In this regard, two scientists in particular served as major role models for the growth of toxicological neuropathology during the mid-twentieth century, ultimately influencing several generations of modern toxicological neuropathologists (including the careers of the two authors). One person was John B. Cavanagh, a British physician and professor who devised many of the routine morphological approaches used to evaluate toxicants (especially metals, pesticides, and solvents) associated with occupational neurotoxicity.25–30 The other founder was Adalbert Koestner, a German veterinarian and professor at several U.S. universities whose interests ranged from the morphology and mechanisms of mutagen-induced neural neoplasms to the potential utility and safety of food additives and novel neurotherapeutics.31–34 Modern investigations in toxicological neuropathology have since evolved to incorporate many other innovative neuropathology endpoints in addition to the traditional morphological techniques (Table 2). Nevertheless, the methods pioneered by these two men and others are—and will remain—the foundation of toxicologic neuropathology investigations in the foreseeable future.

Table 2 Morphological Techniques Used in the Modern Practice of Toxicological Neuropathology.

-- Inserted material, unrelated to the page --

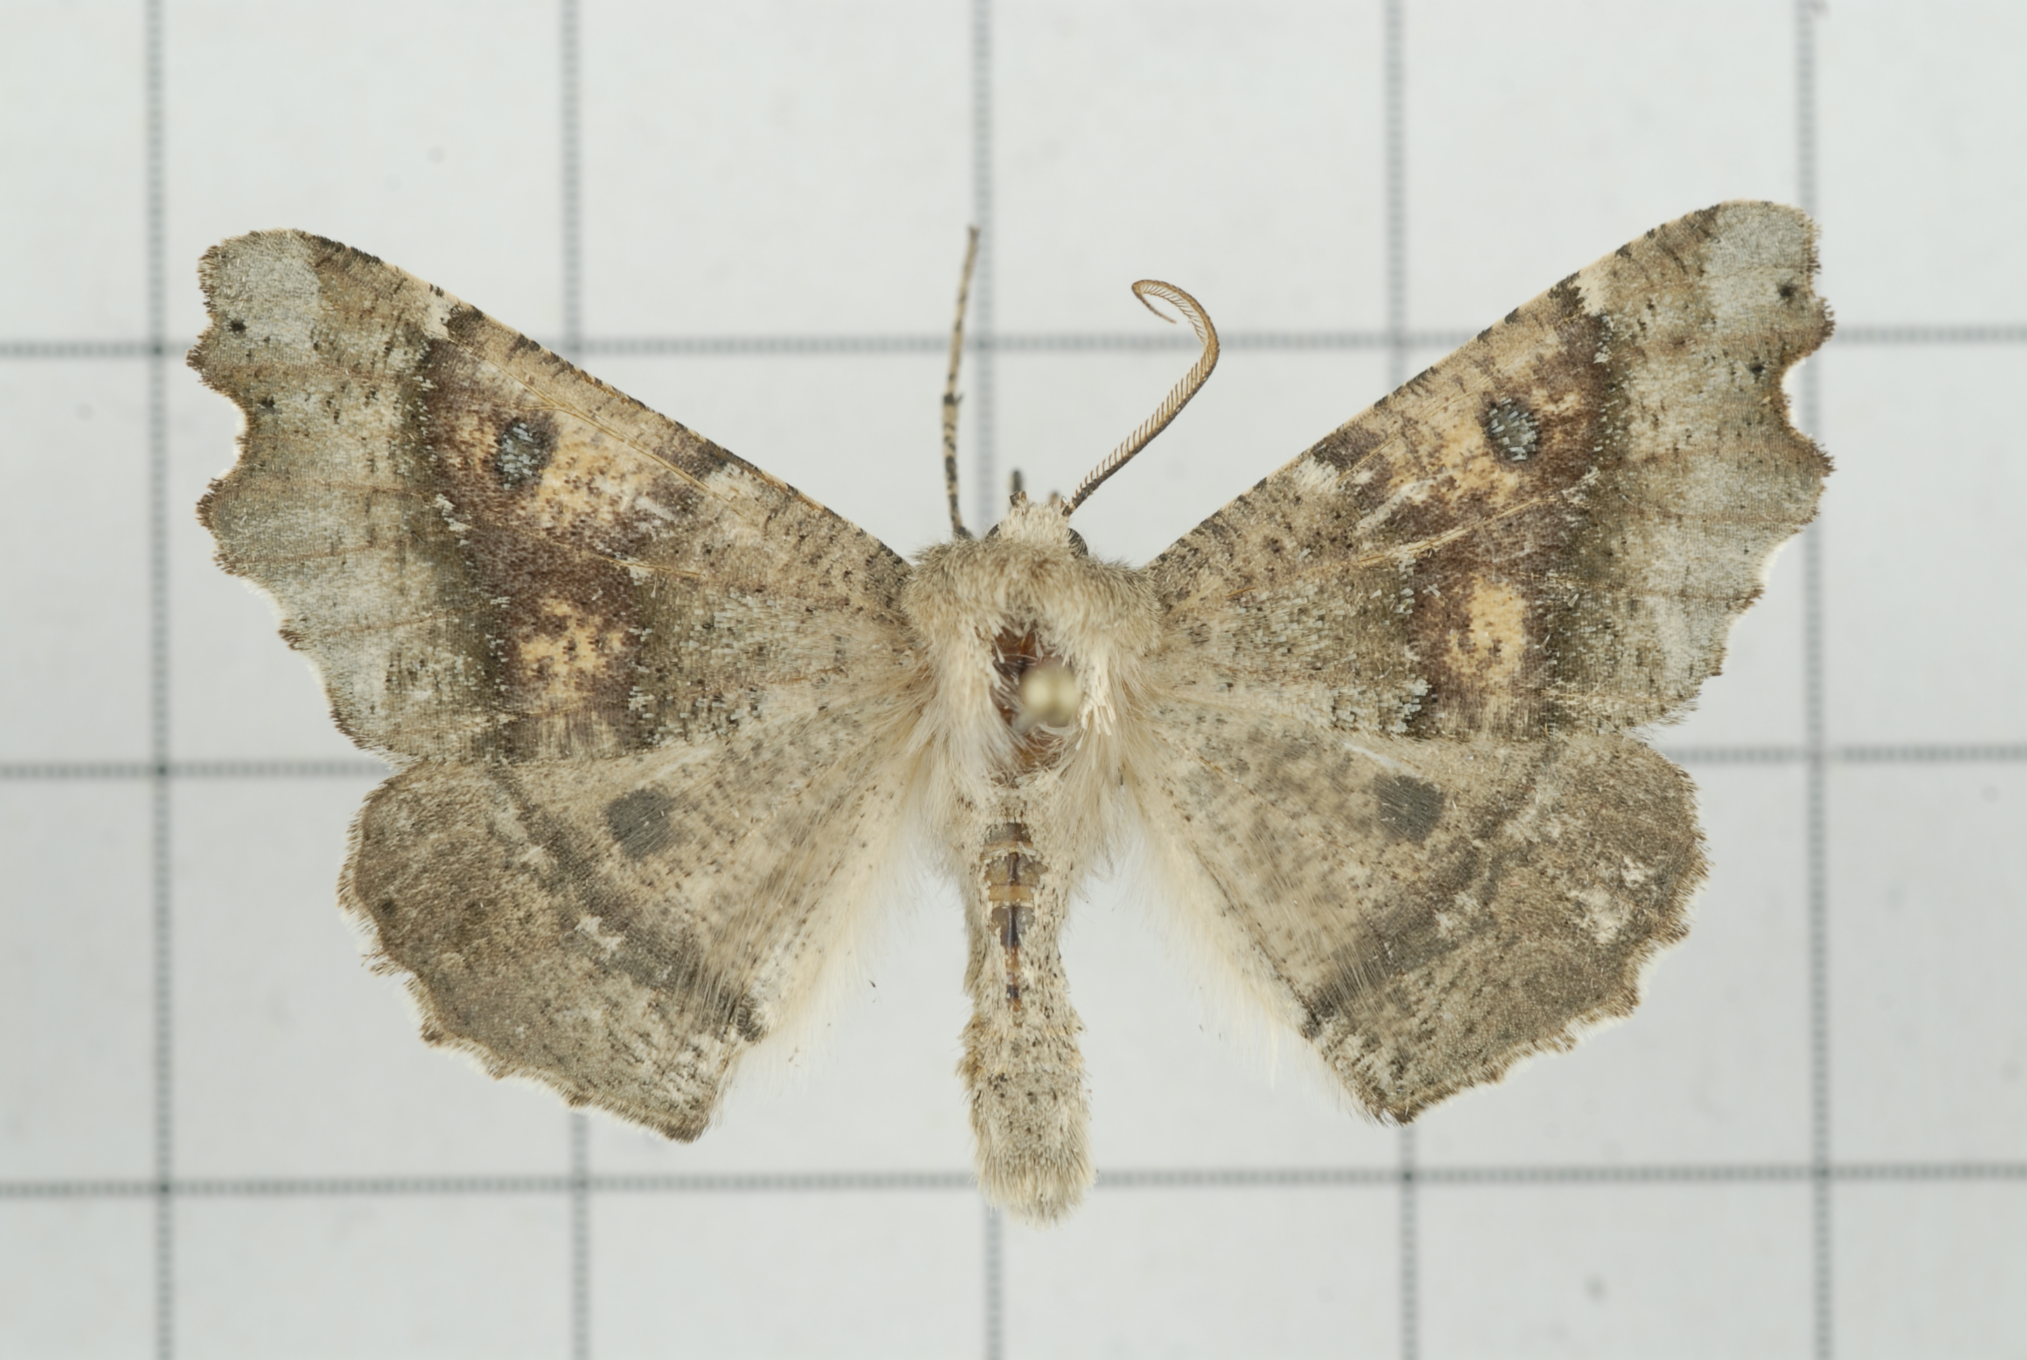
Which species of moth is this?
Odontopera insulata insulata
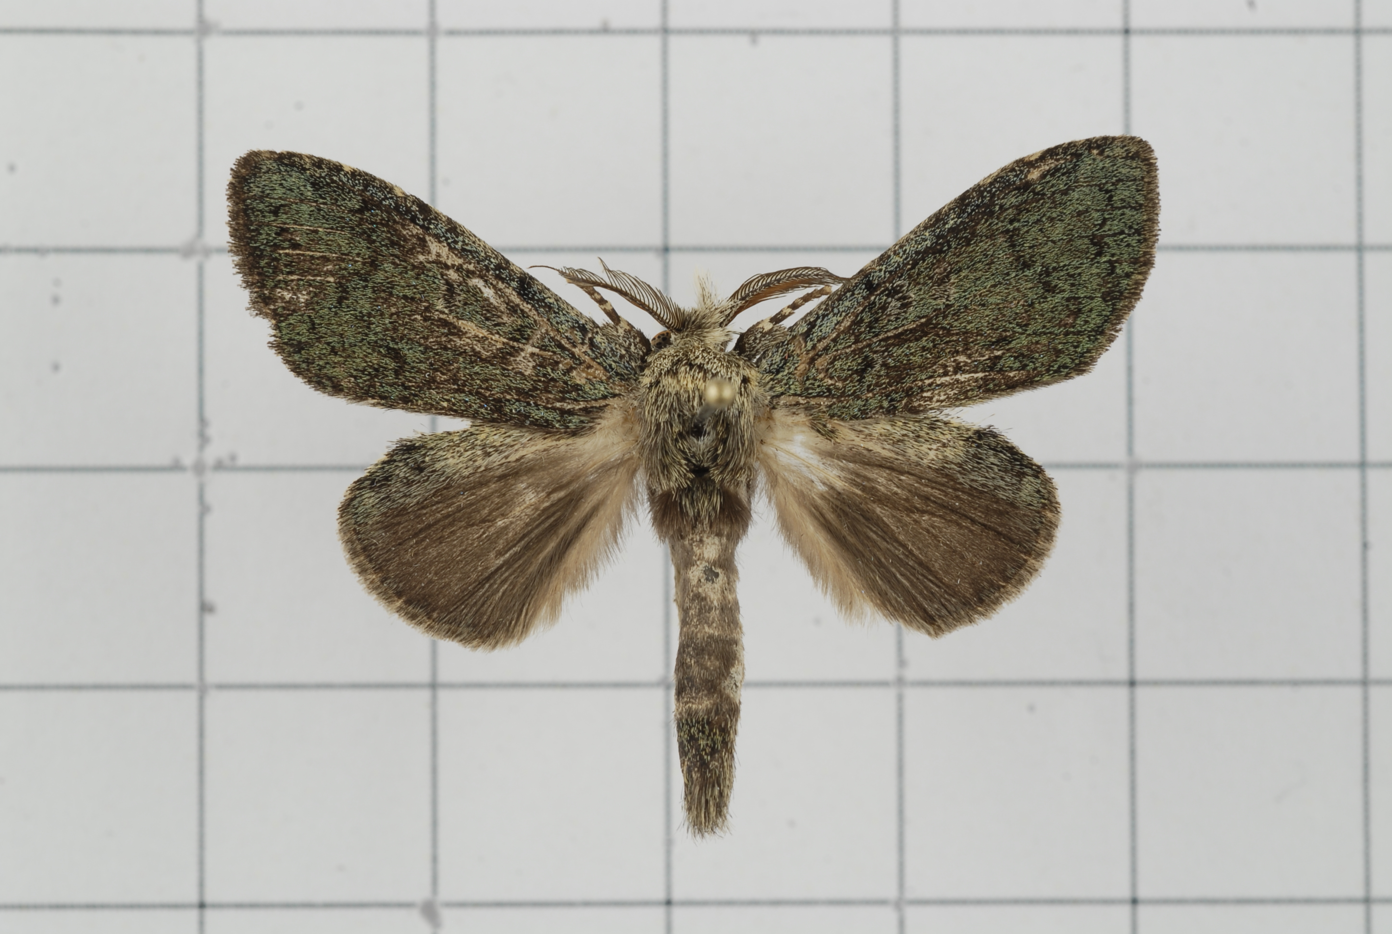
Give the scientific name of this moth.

Requirements for Proficiency in Toxicological Neuropathology

More than for any of the other subdisciplines of toxicology or pathology, competent practitioners of toxicological neuropathology must have the appropriate educational and work-related experiences to succeed. Advanced theoretical and practical training in neurobiology and experience in neuropathology will appreciably enhance the pathologist's ability to recognize abnormalities in neural tissues.35 Proficiency as a toxicological neuropathologist requires comprehension at multiple levels of biological organization (e.g., whole animal, cellular, biochemical, and molecular) and the ability to integrate this information with basic medical tenets to formulate differential diagnoses as well as to identify and characterize etiologies and mechanisms of neural disease. Acceptable “entry-level” proficiency in toxicological neuropathology requires that a person have expertise in (1) comparative and correlative aspects of normal neuroanatomy and neurophysiology, (2) causes and mechanisms of major background and neurotoxicant-induced diseases of humans and common laboratory animal species, and (3) principal techniques used for evaluating neuropathological changes (e.g., gross dissection, light and electron microscopy, immunocytochemistry, advanced in situ molecular methods, and morphometry). Therefore, the most direct means of acquiring sufficient expertise in toxicological neuropathology is to complete a clinical degree in either medicine or veterinary medicine and then pursue postgraduate training in either diagnostic pathology (e.g., a residency) or toxicological pathology (such as an advanced research degree or a clinical fellowship) in a program that specializes in nervous system investigations. Fundamental research in the field can also be done by Ph.D. biologists with in-depth training in a relevant discipline (e.g., comparative pathology, neurotoxicology) as long as the focus emphasizes an integrative strategy for nervous system assessment (i.e., investigating questions at the whole animal, organ, cellular, and biochemical/molecular levels, as necessary) rather than a reductionist approach (e.g., limited to cellular or molecular studies).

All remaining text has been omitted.